Much of the conversation online surrounding diary-like, confessional writing, more derisively called “oversharing,” is informed by specific expectations based generally on either age or gender. Depending on the media narrative of any given week — even day or hour, online — there will be coverage of women and Millennials, often backlash for being too candid or a backlash against the backlash, defending the process as natural and healthy. Or even about how the ignorant are learning to keep things to themselves. It’s endlessly cyclical. Adult males go largely ignored. Not as much lately, with one man’s cancer blogging and another’s dispatches amid a divorce seemingly shifting expectations and pleasing readers. Is the patriarchy coming for blogging, too? How are men supposed to act online?
In online currency — pageviews, “likes,” vitriolic comments — first-person nonfiction writing does very well.
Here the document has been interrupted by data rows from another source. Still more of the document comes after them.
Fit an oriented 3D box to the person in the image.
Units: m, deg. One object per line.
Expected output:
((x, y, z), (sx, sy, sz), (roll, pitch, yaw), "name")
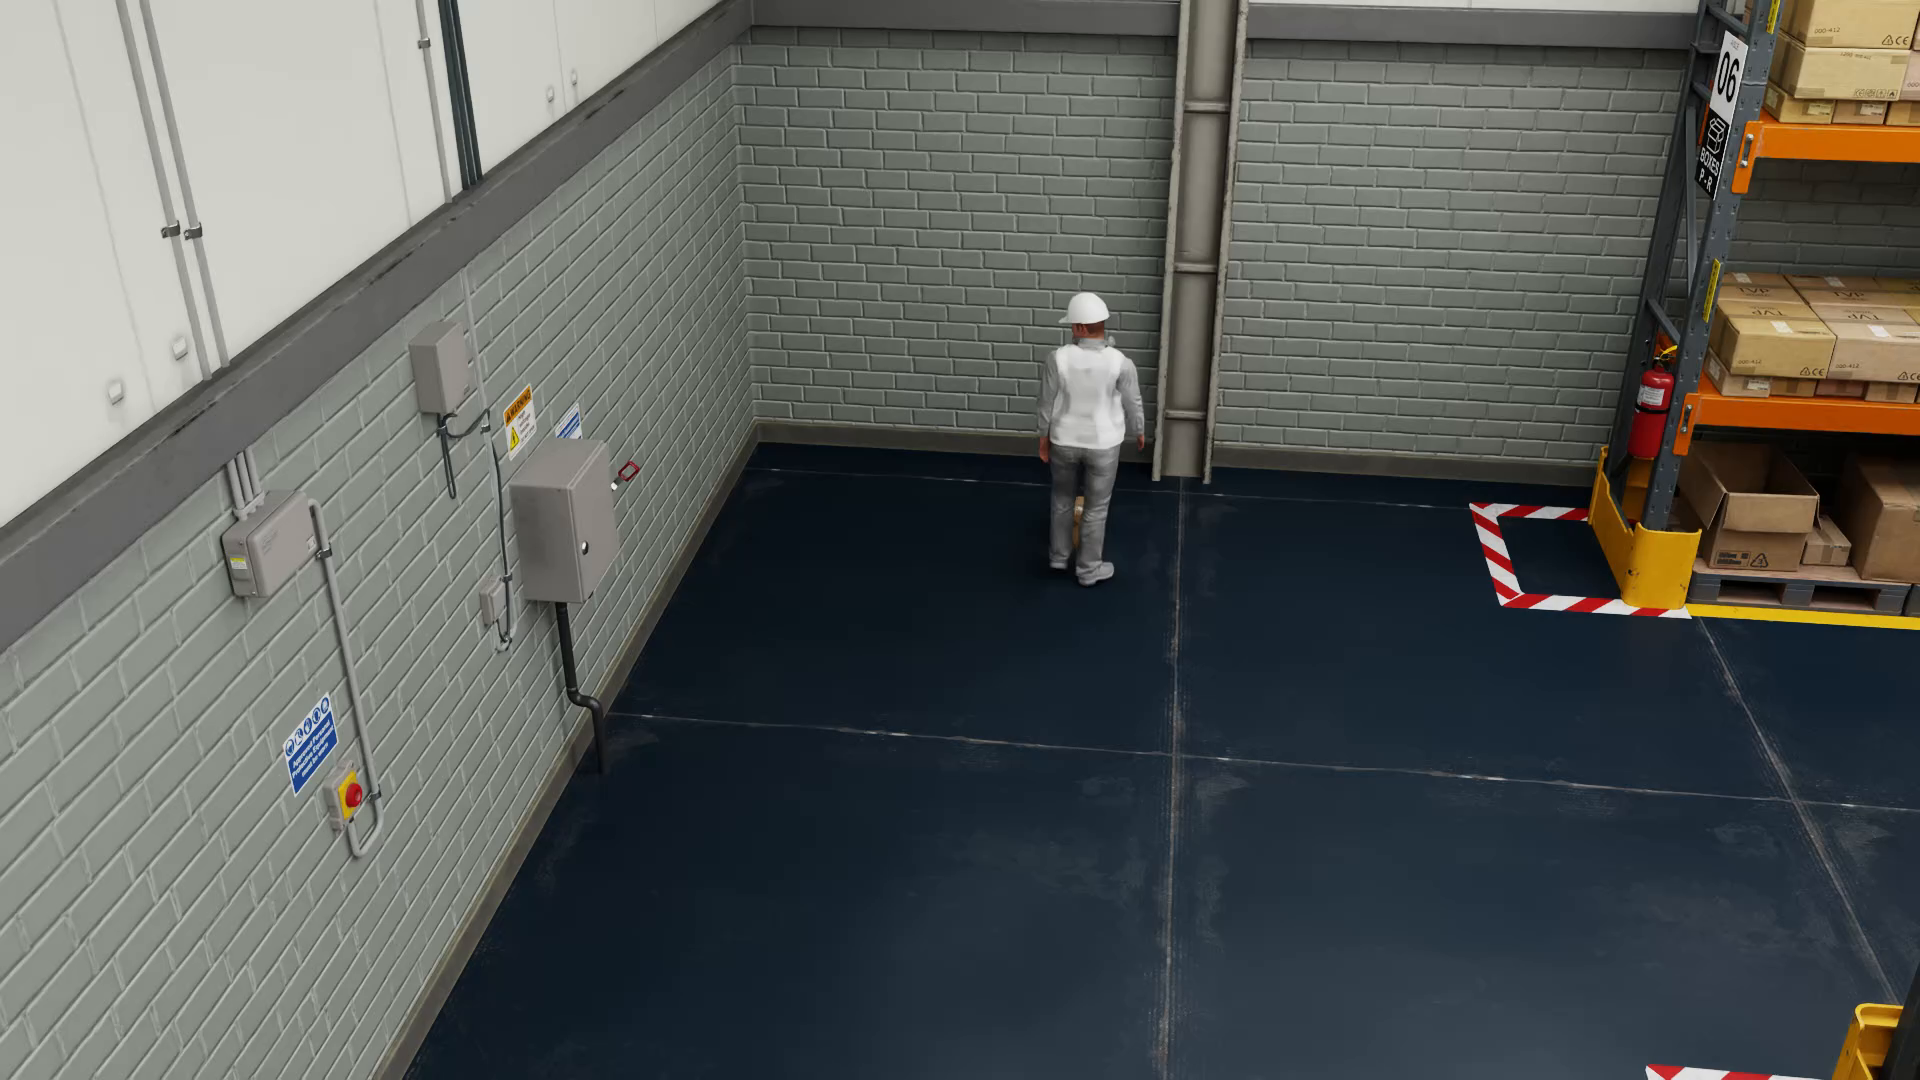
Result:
((0.761, -0.557, 9.670), (0.589, 1.851, 0.457), (9, 29, 16), "person")
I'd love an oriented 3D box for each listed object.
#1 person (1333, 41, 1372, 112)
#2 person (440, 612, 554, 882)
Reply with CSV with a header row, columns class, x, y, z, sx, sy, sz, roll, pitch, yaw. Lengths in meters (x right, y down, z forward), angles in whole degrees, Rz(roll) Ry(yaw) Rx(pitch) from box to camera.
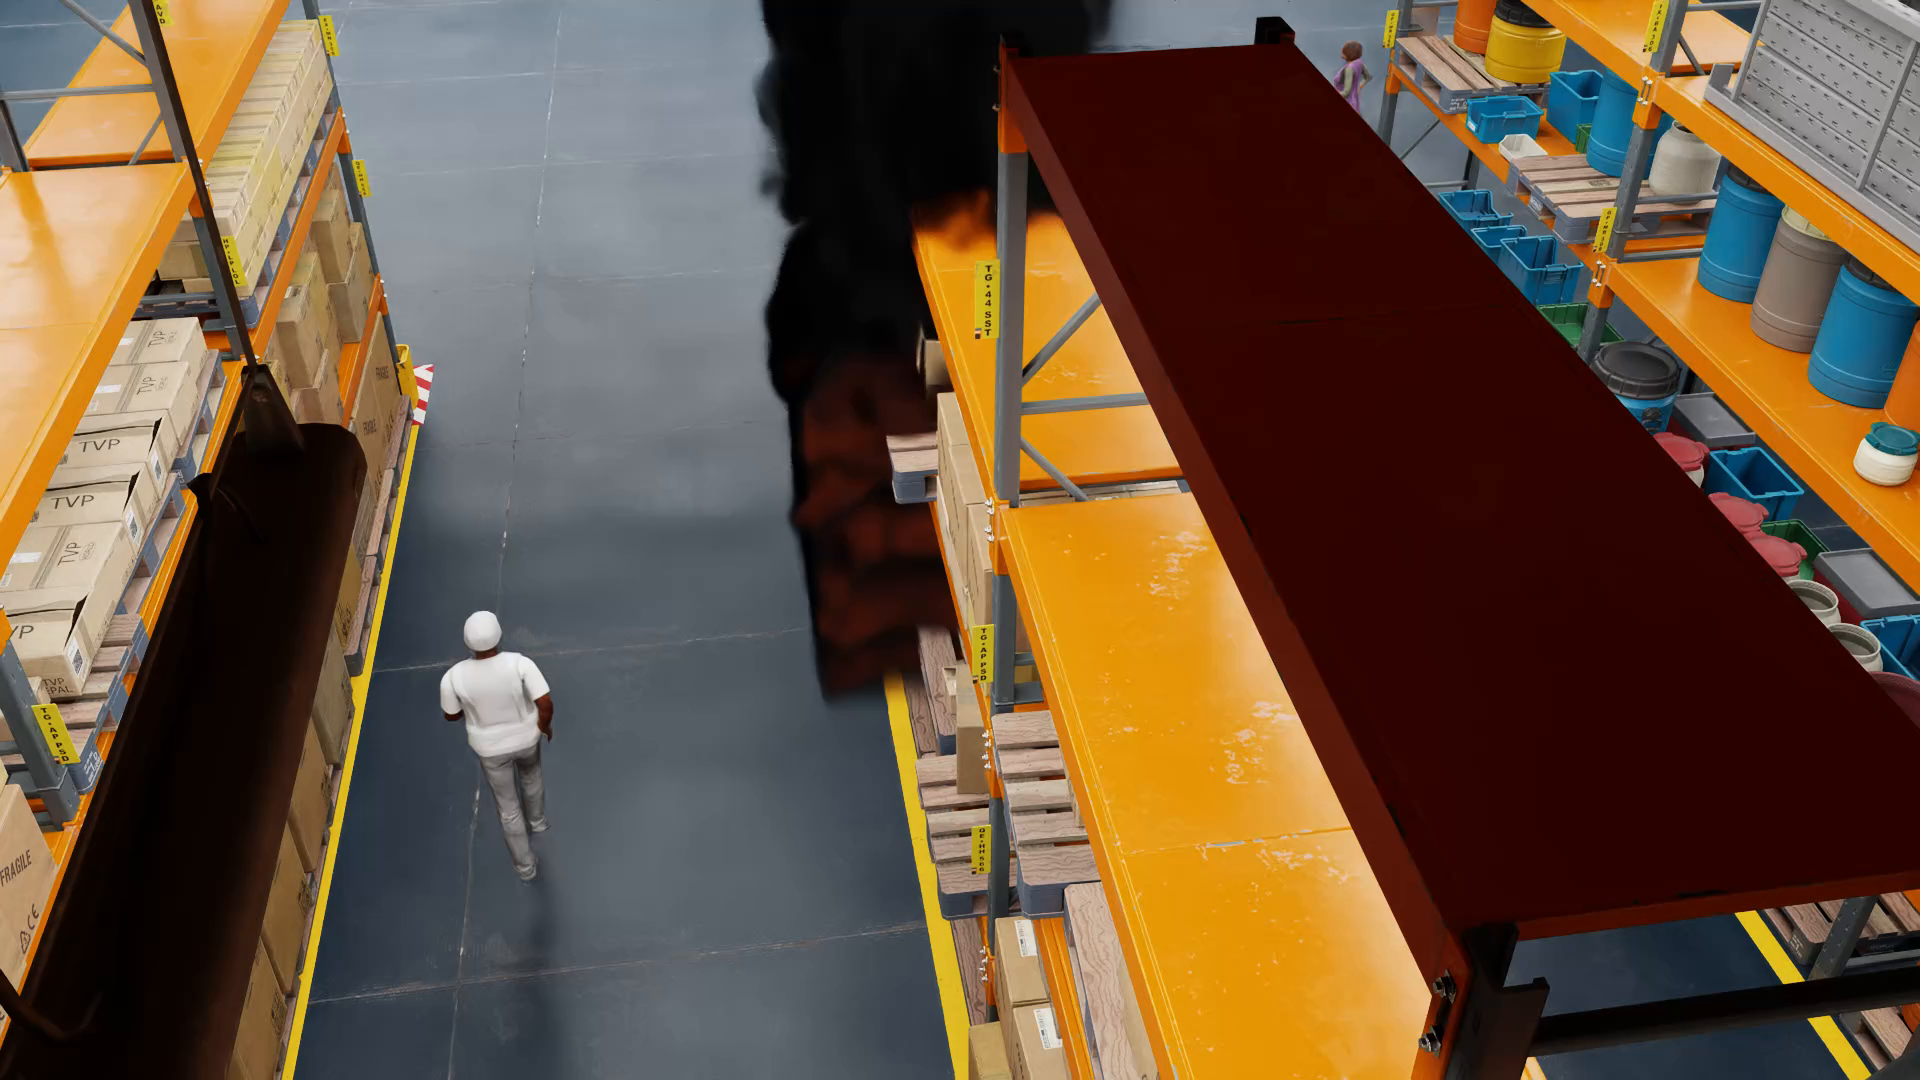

It sparks conversation, lends itself to empathy. Over the span of years, this style of personal blogging is being mainstreamed. According to history, a certain blogger famously “Introduces Oversharing To New York Times Magazine” in 2008, according to one headline. The observation is semi-sarcastic, because of the long-running presence of this style in certain online circles.
But men are often characters, rarely the narrator. Sometimes, sorta. But men of a certain age, with families? Almost never. When it did happen, in a looser sense, but with similarly bare introspection, it was regarded with more gravity and respect. It was personal “reporting.” Blogging had very little to do with it; it would have cheapened it.
In the last few weeks, though, male oversharing has crept up, even in the mainstream, in a new, but uncertain way. A Time feature by Steven Johnson told the story of media critic Jeff Jarvis, his cancer and detailed personal blogging. “This is how we live now: we get news that we’re facing a life-threatening disease, and the instinctive response is, I’d better tweet this up right away,” Johnson wrote.
But instead of dismissed, the practice was largely forgiven. “There is an intensity and honesty to these public disclosures that can be enormously helpful,” the piece said. “Oversharing, in a strange way, turns out to be a civic good.”
What unconsidered intellectual, spiritual and psychological collateral damage are we inflicting on ourselves by being so outward-focused, so frenetically interactive, so terminally social that we get a death letter and “the instinctive response is, I’d better tweet this up right away.”
This is a disease of the psyche.
But in Johnson’s piece, he argued, “Somewhere in the world there exists another couple that would benefit from reading a transcript of your lover’s quarrel last night.”
This idea is in action currently on the group blog Young Manhattanite, an all-purpose, stream of consciousness site described as everything from illuminati-like to simply “written by a group of new media types.” The header now reads “Divorced Manhattanite,” as one of its semi-anonymous contributors has started chronicling the admission of his wife’s affair and their impending divorce. It’s tear your heart out type shit.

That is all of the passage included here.